The Centre for Alliance of Labour and Human Rights (CENTRAL) is carrying out an awareness campaign among the public about the potential risks of migrating to find work in Thailand. The organisation warned that many Cambodians were continuing to use the services of brokers to migrate illegally.

CENTRAL programme officer Dy The Hoya said on March 19 that CENTRAL’s Safety Migrant Advisory (SMA) volunteers have been conducting an awareness campaign in several provinces where migrant workers mostly originate from – Siem Reap, Banteay Meanchey, Kampong Thom and Battambang.

“The team identified a number of challenges – migrant workers without passports or legal documents are sometimes not paid by their employers, and are at greater risk of labour exploitation or human trafficking,” he added.

He said wider public education was needed as many people continued to make the decision to seek work in Thailand, but were often unaware of their own legal circumstances.

“Their migration is risky. There is a high risk that they will lose their money to fraudulent brokers, or face arrest by the authorities,” he went on.

Based on the on-the-ground research by MSA volunteers, it was found that a large number of Cambodians are still migrating.

“Most of the migrants go through relatives, brokers or on their own. Very, very few go through registered recruitment companies,” said Hoya.

Am Sam Ath, deputy director of rights group LICADHO, said he was concerned about cases of fraud or brokers who sought to defraud workers seeking to work abroad, saying many were involved in illegal trafficking.

He said most Cambodians migrant workers feel they have no choice but to trust the brokers because they are desperate to find work. In addition, very few have the means to research an agent or company before agreeing to sign up with them.

“The authorities need to strictly enforce legal measures and hunt down anyone involved in illegal recruitment. People should be able to find ways to migrate legally, as there are far less risks, and far more access to social protection,” said Sam Ath.

Banteay Meanchey provincial deputy governor Ros Sophany said as long as CENTRAL is working for the benefit of the people of the province, the authorities will support their activities.
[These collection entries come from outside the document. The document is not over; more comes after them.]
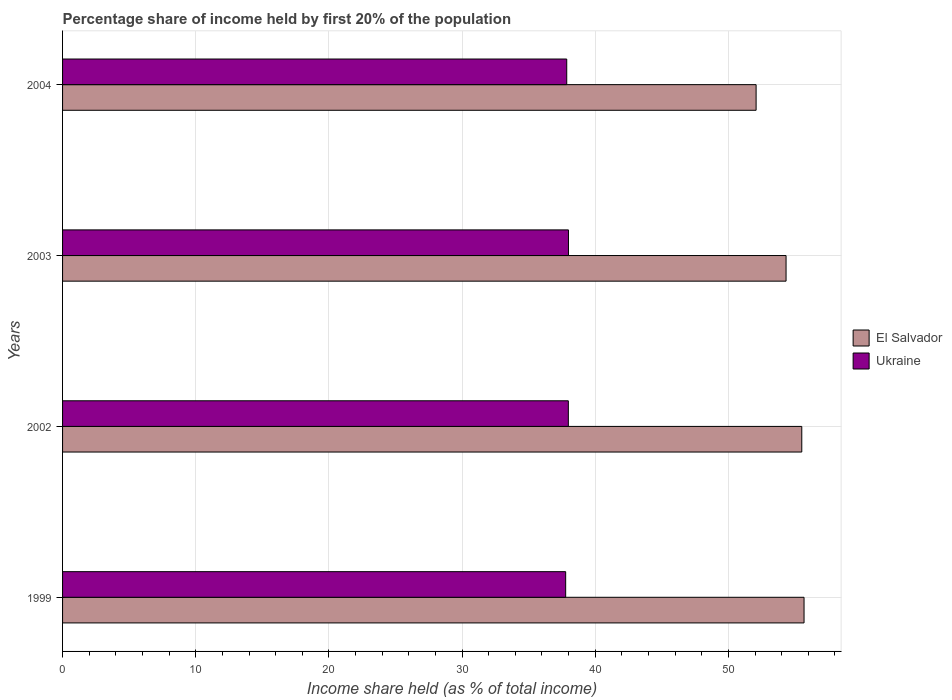How many different coloured bars are there?
Keep it short and to the point. 2. Are the number of bars per tick equal to the number of legend labels?
Offer a very short reply. Yes. How many bars are there on the 4th tick from the bottom?
Provide a succinct answer. 2. What is the label of the 3rd group of bars from the top?
Your answer should be very brief. 2002. What is the share of income held by first 20% of the population in El Salvador in 2004?
Keep it short and to the point. 52.08. Across all years, what is the maximum share of income held by first 20% of the population in Ukraine?
Your answer should be very brief. 37.99. Across all years, what is the minimum share of income held by first 20% of the population in El Salvador?
Give a very brief answer. 52.08. In which year was the share of income held by first 20% of the population in Ukraine maximum?
Offer a very short reply. 2003. What is the total share of income held by first 20% of the population in El Salvador in the graph?
Ensure brevity in your answer.  217.6. What is the difference between the share of income held by first 20% of the population in El Salvador in 1999 and that in 2002?
Give a very brief answer. 0.17. What is the difference between the share of income held by first 20% of the population in El Salvador in 1999 and the share of income held by first 20% of the population in Ukraine in 2002?
Give a very brief answer. 17.7. What is the average share of income held by first 20% of the population in Ukraine per year?
Your answer should be compact. 37.9. In the year 2002, what is the difference between the share of income held by first 20% of the population in El Salvador and share of income held by first 20% of the population in Ukraine?
Offer a very short reply. 17.53. In how many years, is the share of income held by first 20% of the population in El Salvador greater than 26 %?
Your answer should be compact. 4. What is the ratio of the share of income held by first 20% of the population in Ukraine in 1999 to that in 2002?
Your answer should be very brief. 0.99. Is the share of income held by first 20% of the population in Ukraine in 1999 less than that in 2003?
Ensure brevity in your answer.  Yes. Is the difference between the share of income held by first 20% of the population in El Salvador in 2003 and 2004 greater than the difference between the share of income held by first 20% of the population in Ukraine in 2003 and 2004?
Offer a very short reply. Yes. What is the difference between the highest and the second highest share of income held by first 20% of the population in Ukraine?
Offer a very short reply. 0.01. What is the difference between the highest and the lowest share of income held by first 20% of the population in Ukraine?
Make the answer very short. 0.21. Is the sum of the share of income held by first 20% of the population in Ukraine in 2002 and 2004 greater than the maximum share of income held by first 20% of the population in El Salvador across all years?
Give a very brief answer. Yes. What does the 1st bar from the top in 2002 represents?
Make the answer very short. Ukraine. What does the 2nd bar from the bottom in 2004 represents?
Your answer should be compact. Ukraine. Are the values on the major ticks of X-axis written in scientific E-notation?
Offer a terse response. No. Does the graph contain grids?
Your answer should be compact. Yes. How many legend labels are there?
Offer a very short reply. 2. How are the legend labels stacked?
Your response must be concise. Vertical. What is the title of the graph?
Give a very brief answer. Percentage share of income held by first 20% of the population. Does "Lesotho" appear as one of the legend labels in the graph?
Offer a terse response. No. What is the label or title of the X-axis?
Keep it short and to the point. Income share held (as % of total income). What is the Income share held (as % of total income) in El Salvador in 1999?
Offer a very short reply. 55.68. What is the Income share held (as % of total income) in Ukraine in 1999?
Your response must be concise. 37.78. What is the Income share held (as % of total income) of El Salvador in 2002?
Make the answer very short. 55.51. What is the Income share held (as % of total income) in Ukraine in 2002?
Your response must be concise. 37.98. What is the Income share held (as % of total income) in El Salvador in 2003?
Provide a succinct answer. 54.33. What is the Income share held (as % of total income) in Ukraine in 2003?
Make the answer very short. 37.99. What is the Income share held (as % of total income) in El Salvador in 2004?
Your response must be concise. 52.08. What is the Income share held (as % of total income) in Ukraine in 2004?
Your answer should be very brief. 37.86. Across all years, what is the maximum Income share held (as % of total income) in El Salvador?
Your answer should be very brief. 55.68. Across all years, what is the maximum Income share held (as % of total income) of Ukraine?
Offer a very short reply. 37.99. Across all years, what is the minimum Income share held (as % of total income) of El Salvador?
Offer a very short reply. 52.08. Across all years, what is the minimum Income share held (as % of total income) of Ukraine?
Provide a succinct answer. 37.78. What is the total Income share held (as % of total income) of El Salvador in the graph?
Offer a very short reply. 217.6. What is the total Income share held (as % of total income) of Ukraine in the graph?
Ensure brevity in your answer.  151.61. What is the difference between the Income share held (as % of total income) in El Salvador in 1999 and that in 2002?
Your answer should be very brief. 0.17. What is the difference between the Income share held (as % of total income) of Ukraine in 1999 and that in 2002?
Your answer should be compact. -0.2. What is the difference between the Income share held (as % of total income) of El Salvador in 1999 and that in 2003?
Make the answer very short. 1.35. What is the difference between the Income share held (as % of total income) of Ukraine in 1999 and that in 2003?
Ensure brevity in your answer.  -0.21. What is the difference between the Income share held (as % of total income) of El Salvador in 1999 and that in 2004?
Your answer should be compact. 3.6. What is the difference between the Income share held (as % of total income) of Ukraine in 1999 and that in 2004?
Your response must be concise. -0.08. What is the difference between the Income share held (as % of total income) in El Salvador in 2002 and that in 2003?
Offer a terse response. 1.18. What is the difference between the Income share held (as % of total income) in Ukraine in 2002 and that in 2003?
Your answer should be very brief. -0.01. What is the difference between the Income share held (as % of total income) in El Salvador in 2002 and that in 2004?
Give a very brief answer. 3.43. What is the difference between the Income share held (as % of total income) of Ukraine in 2002 and that in 2004?
Offer a very short reply. 0.12. What is the difference between the Income share held (as % of total income) in El Salvador in 2003 and that in 2004?
Offer a terse response. 2.25. What is the difference between the Income share held (as % of total income) in Ukraine in 2003 and that in 2004?
Your response must be concise. 0.13. What is the difference between the Income share held (as % of total income) of El Salvador in 1999 and the Income share held (as % of total income) of Ukraine in 2003?
Provide a succinct answer. 17.69. What is the difference between the Income share held (as % of total income) in El Salvador in 1999 and the Income share held (as % of total income) in Ukraine in 2004?
Offer a terse response. 17.82. What is the difference between the Income share held (as % of total income) of El Salvador in 2002 and the Income share held (as % of total income) of Ukraine in 2003?
Give a very brief answer. 17.52. What is the difference between the Income share held (as % of total income) in El Salvador in 2002 and the Income share held (as % of total income) in Ukraine in 2004?
Keep it short and to the point. 17.65. What is the difference between the Income share held (as % of total income) in El Salvador in 2003 and the Income share held (as % of total income) in Ukraine in 2004?
Ensure brevity in your answer.  16.47. What is the average Income share held (as % of total income) of El Salvador per year?
Provide a short and direct response. 54.4. What is the average Income share held (as % of total income) of Ukraine per year?
Make the answer very short. 37.9. In the year 2002, what is the difference between the Income share held (as % of total income) in El Salvador and Income share held (as % of total income) in Ukraine?
Provide a short and direct response. 17.53. In the year 2003, what is the difference between the Income share held (as % of total income) of El Salvador and Income share held (as % of total income) of Ukraine?
Offer a very short reply. 16.34. In the year 2004, what is the difference between the Income share held (as % of total income) in El Salvador and Income share held (as % of total income) in Ukraine?
Ensure brevity in your answer.  14.22. What is the ratio of the Income share held (as % of total income) of El Salvador in 1999 to that in 2002?
Offer a terse response. 1. What is the ratio of the Income share held (as % of total income) of El Salvador in 1999 to that in 2003?
Provide a succinct answer. 1.02. What is the ratio of the Income share held (as % of total income) of El Salvador in 1999 to that in 2004?
Give a very brief answer. 1.07. What is the ratio of the Income share held (as % of total income) of Ukraine in 1999 to that in 2004?
Provide a short and direct response. 1. What is the ratio of the Income share held (as % of total income) of El Salvador in 2002 to that in 2003?
Make the answer very short. 1.02. What is the ratio of the Income share held (as % of total income) in El Salvador in 2002 to that in 2004?
Offer a very short reply. 1.07. What is the ratio of the Income share held (as % of total income) of Ukraine in 2002 to that in 2004?
Your answer should be very brief. 1. What is the ratio of the Income share held (as % of total income) in El Salvador in 2003 to that in 2004?
Give a very brief answer. 1.04. What is the difference between the highest and the second highest Income share held (as % of total income) of El Salvador?
Provide a succinct answer. 0.17. What is the difference between the highest and the lowest Income share held (as % of total income) of Ukraine?
Your answer should be very brief. 0.21.

She said CENTRALs public awareness campaign is doing important work by letting people know what their rights are and offering them tips to stay safe. It also lets them know who they can contact should problems arise.

“The campaign is not going to guarantee safe migration for everyone, but it is reducing some illegal migration, and helps the authorities to work more effectively, as migrants workers know who to call for help,” she added.

Speaking from Prey Veng province on March 14, Minister of Interior Sar Kheng requested that the public join the authorities in fighting the scourge of human trafficking.

“Cooperating with the relevant authorities is an effective way to protect human rights,” he said.

“The people, authorities and the armed forces must work together to protect peace, political stability and social order. They can do this by something as simple as supporting the implementation of the safe village and commune policy or obeying the traffic laws,” he added.

Last year, CENTRAL recorded 92 cases where undocumented Cambodian migrant workers were detained by Thai authorities at the border. The cases involved 2,121 individuals, over 40 per cent of them women or children.